Build a U-shaped support frame for the sink from straight 2 x 4s. The side members of the frame should be cut so the front member overlaps their ends. The front member should be flush with the fronts of the kitchen cabinet frames.
Attach the side members by screwing through the cabinet walls and into the 2 x 4s, making sure the frame is square and level. Screw the front member into the ends of the side members. For extra holding power, apply construction adhesive to the frame before screwing it in place.

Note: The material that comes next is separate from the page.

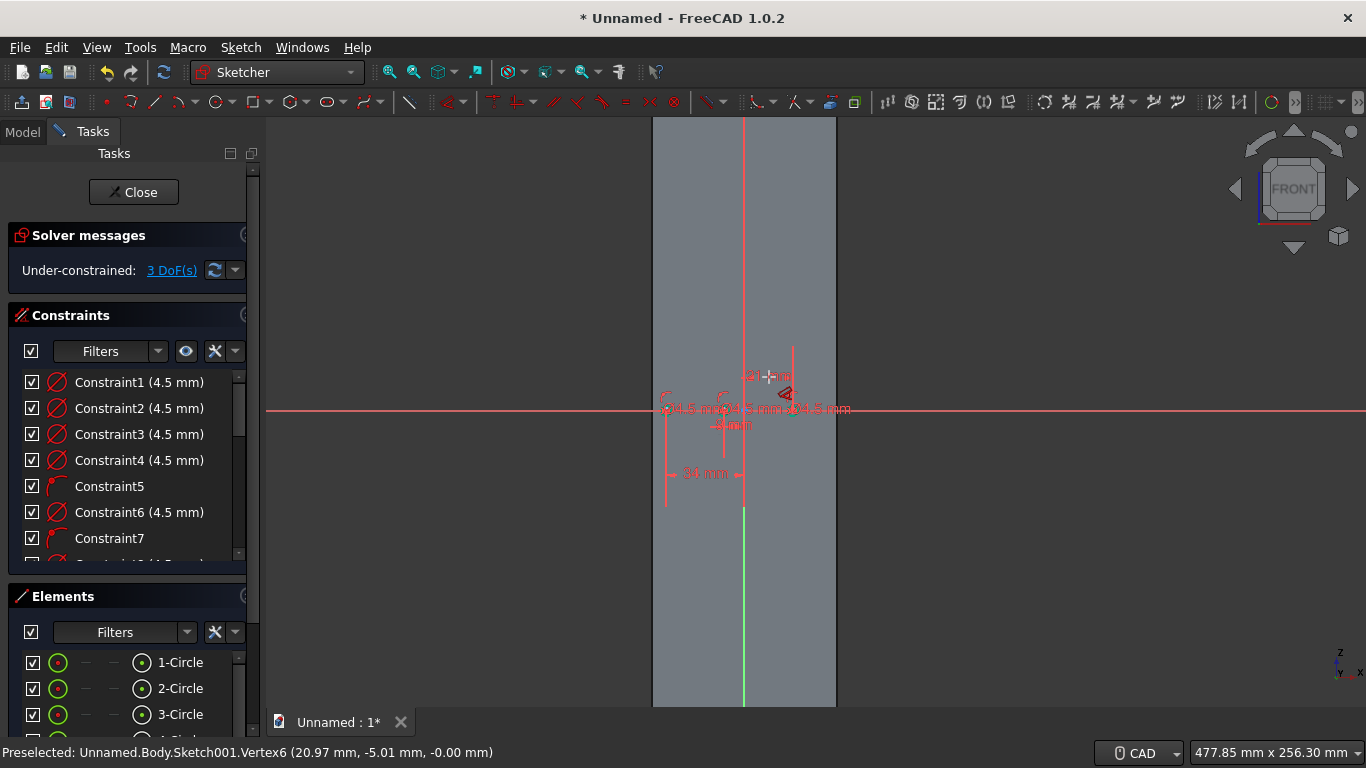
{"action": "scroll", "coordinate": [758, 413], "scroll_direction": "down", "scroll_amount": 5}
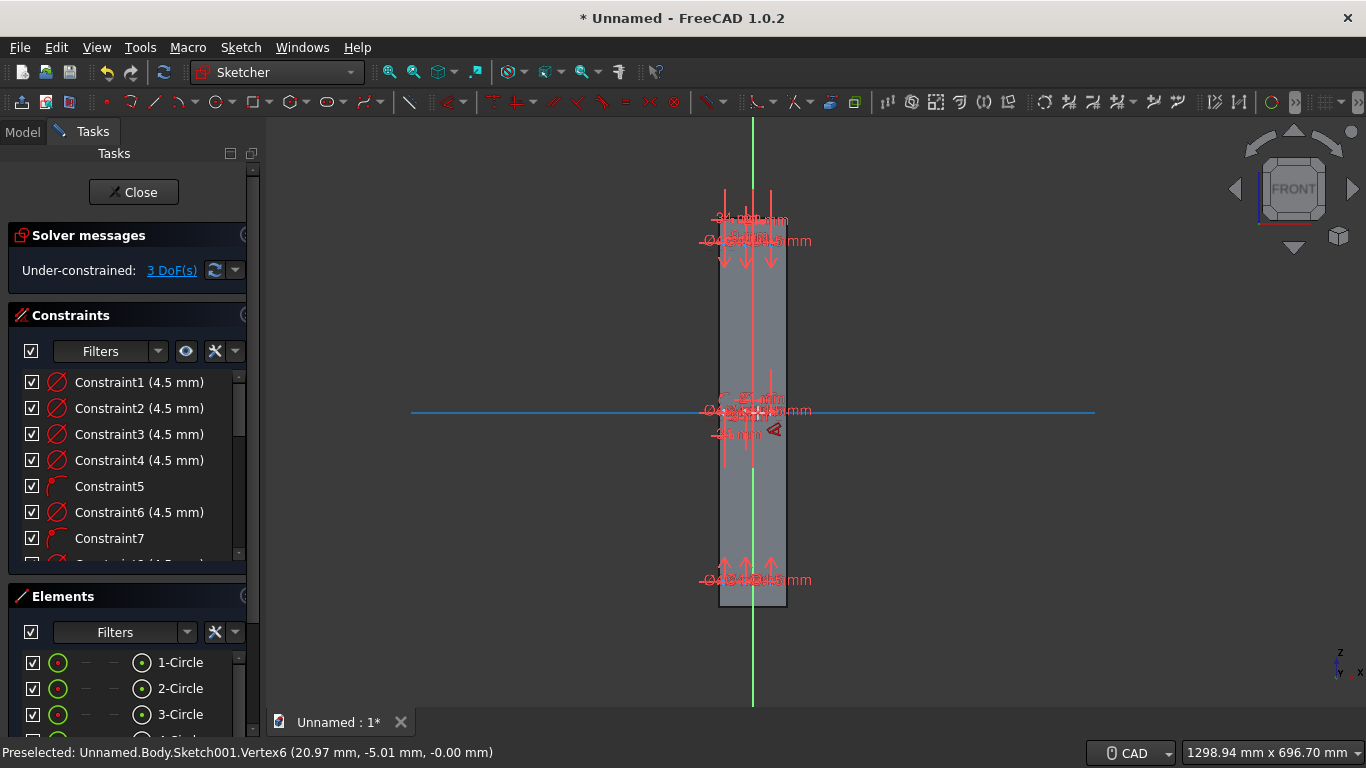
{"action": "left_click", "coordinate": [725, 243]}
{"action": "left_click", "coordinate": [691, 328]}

4. Install the Sink Platform
Install a platform cut from 3/4-inch particle board or medium-density fiberboard onto the support frame. The platform should stop a couple of inches before the cabinet back to allow you to run the water supply tubes to the faucet. Anchor the platform to the support frame with screws and construction adhesive.
You will also need to make a cutout in the platform beneath the sink drain opening. Make the cutout (circular is best) large enough to accommodate the drain pipe and trap.
5. Position the Sink
Place the sink onto the platform. This job will be easiest of you have a helper, because farmhouse sinks are usually quite heavy. If you have located the support framework correctly, the sink should slide in, almost grazing the underside of the countertop. Check to make sure the gap between the sink top and the countertop underside is slight and uniform around the perimeter of the sink.
Because of the weight of most apron sinks, no mechanical fasteners are required. But do use clear silicone adhesive to bind the sink to the countertop underside, either by caulking the gap or applying silicone to the top to the sink flange if you will be installing the countertop after the sink is in place.
6. Complete the Plumbing Connections
Make the water supply and drain hook-ups. Most apron sinks do not have precut holes for faucets. You'll need to drill them into the countertop in the strip between the sink and the backsplash and then mount the kitchen faucet directly to the countertop.